After installation, you can run it as a script using:

```bash
python -m screen_pilot_mcp
```

## Configuration

### Configure for Claude Desktop

Add to your Claude Desktop config file `claude_desktop_config.json`:

#### Using uvx

```json
{
  "mcpServers": {
    "screen-pilot": {
      "command": "uvx",
      "args": ["run", "screen-pilot-mcp"]
    }
  }
}
```

#### Using pip installation

```json
{
  "mcpServers": {
    "screen-pilot": {
      "command": "python",
      "args": ["-m", "screen_pilot_mcp"]
    }
  }
}
```

## Example Prompts

```
Use the screen capture tool to take a screenshot of the current screen. Then analyze what's visible, and help me click the login button on the page.
```

```
Take a screenshot, find the search box, type "weather forecast", and press Enter.
```

## Notes

- Requires Python 3.10 or higher
- First run may request screen access permissions
- Do not run multiple instances simultaneously

## Contributing

We encourage contributions to help expand and improve screen-pilot-mcp. Whether you want to add new tools, enhance existing functionality, or improve documentation, your input is valuable.

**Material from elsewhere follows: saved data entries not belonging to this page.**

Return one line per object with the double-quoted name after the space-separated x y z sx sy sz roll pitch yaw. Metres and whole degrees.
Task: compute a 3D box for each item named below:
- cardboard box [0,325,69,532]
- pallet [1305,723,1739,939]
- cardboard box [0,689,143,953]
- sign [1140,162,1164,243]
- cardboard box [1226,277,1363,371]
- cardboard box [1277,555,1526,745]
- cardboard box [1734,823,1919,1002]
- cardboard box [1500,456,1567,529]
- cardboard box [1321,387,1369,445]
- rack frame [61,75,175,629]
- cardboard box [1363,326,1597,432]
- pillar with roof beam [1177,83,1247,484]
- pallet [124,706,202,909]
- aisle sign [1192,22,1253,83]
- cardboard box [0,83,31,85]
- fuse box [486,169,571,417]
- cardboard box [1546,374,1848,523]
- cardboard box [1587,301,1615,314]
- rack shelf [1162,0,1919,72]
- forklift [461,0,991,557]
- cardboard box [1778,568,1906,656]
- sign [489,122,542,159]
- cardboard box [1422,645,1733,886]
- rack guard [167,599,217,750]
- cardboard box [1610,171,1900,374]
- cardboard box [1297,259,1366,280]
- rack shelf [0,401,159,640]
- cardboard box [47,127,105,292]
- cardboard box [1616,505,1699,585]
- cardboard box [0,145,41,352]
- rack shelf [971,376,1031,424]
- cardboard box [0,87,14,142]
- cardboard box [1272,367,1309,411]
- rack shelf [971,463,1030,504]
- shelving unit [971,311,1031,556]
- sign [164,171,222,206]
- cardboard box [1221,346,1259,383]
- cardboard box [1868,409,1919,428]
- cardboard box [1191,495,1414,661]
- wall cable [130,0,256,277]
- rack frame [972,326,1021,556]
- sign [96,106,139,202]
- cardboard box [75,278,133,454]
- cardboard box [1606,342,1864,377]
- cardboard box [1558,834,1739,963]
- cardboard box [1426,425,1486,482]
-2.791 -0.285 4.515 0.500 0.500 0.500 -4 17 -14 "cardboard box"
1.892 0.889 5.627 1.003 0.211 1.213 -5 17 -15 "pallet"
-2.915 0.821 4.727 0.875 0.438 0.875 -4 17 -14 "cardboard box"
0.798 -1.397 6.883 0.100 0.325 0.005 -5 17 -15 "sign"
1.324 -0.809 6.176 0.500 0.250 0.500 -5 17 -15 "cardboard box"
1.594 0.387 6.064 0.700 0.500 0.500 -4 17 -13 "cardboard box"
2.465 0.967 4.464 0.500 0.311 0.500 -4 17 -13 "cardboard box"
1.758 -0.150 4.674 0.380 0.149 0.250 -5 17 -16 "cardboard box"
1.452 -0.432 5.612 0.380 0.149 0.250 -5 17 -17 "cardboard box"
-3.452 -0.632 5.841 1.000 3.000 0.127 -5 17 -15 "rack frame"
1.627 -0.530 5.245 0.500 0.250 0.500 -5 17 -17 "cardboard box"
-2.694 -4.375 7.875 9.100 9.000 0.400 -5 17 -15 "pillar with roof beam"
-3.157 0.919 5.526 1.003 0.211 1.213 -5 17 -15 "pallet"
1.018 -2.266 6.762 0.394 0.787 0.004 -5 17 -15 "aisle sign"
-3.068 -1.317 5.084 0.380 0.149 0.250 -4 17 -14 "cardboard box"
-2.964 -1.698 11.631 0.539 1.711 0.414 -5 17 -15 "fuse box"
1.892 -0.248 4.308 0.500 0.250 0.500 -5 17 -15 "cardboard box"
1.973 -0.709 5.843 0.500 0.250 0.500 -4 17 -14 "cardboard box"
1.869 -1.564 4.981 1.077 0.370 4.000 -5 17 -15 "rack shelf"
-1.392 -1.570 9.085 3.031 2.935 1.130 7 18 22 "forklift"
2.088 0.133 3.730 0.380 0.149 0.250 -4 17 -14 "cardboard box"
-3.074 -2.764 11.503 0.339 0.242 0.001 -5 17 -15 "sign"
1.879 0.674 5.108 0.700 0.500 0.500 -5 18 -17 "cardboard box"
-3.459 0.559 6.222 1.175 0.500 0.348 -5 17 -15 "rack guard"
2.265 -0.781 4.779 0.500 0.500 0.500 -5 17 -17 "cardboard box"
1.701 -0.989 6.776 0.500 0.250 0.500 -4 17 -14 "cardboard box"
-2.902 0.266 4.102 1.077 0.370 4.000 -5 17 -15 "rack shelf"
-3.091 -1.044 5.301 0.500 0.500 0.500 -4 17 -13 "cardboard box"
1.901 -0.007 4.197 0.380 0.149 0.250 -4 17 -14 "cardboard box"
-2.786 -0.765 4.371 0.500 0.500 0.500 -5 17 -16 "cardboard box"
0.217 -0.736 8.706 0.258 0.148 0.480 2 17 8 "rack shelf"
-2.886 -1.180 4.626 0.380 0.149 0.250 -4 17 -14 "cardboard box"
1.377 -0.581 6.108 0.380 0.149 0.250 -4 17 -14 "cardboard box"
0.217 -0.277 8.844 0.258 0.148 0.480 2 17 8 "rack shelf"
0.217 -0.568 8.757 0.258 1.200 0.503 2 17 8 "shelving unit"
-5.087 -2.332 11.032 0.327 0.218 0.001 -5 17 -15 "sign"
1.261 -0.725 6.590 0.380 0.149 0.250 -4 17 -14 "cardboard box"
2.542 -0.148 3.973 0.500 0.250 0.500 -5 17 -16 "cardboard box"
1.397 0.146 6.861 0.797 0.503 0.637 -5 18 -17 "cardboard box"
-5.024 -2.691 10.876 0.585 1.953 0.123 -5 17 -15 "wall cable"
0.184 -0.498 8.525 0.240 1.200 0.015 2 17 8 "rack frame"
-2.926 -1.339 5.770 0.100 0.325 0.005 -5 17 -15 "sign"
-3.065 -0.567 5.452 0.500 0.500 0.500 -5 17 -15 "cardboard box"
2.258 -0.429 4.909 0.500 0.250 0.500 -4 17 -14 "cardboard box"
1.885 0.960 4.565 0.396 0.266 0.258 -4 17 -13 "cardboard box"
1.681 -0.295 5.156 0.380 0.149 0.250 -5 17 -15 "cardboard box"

For examples of other MCP servers and implementation patterns, see: https://github.com/modelcontextprotocol/servers

Pull requests are welcome! Feel free to contribute new ideas, bug fixes, or enhancements to make screen-pilot-mcp even more powerful and useful.

## License

screen-pilot-mcp is licensed under the MIT License. This means you are free to use, modify, and distribute the software, subject to the terms and conditions of the MIT License. For more details, please see the LICENSE file in the project repository.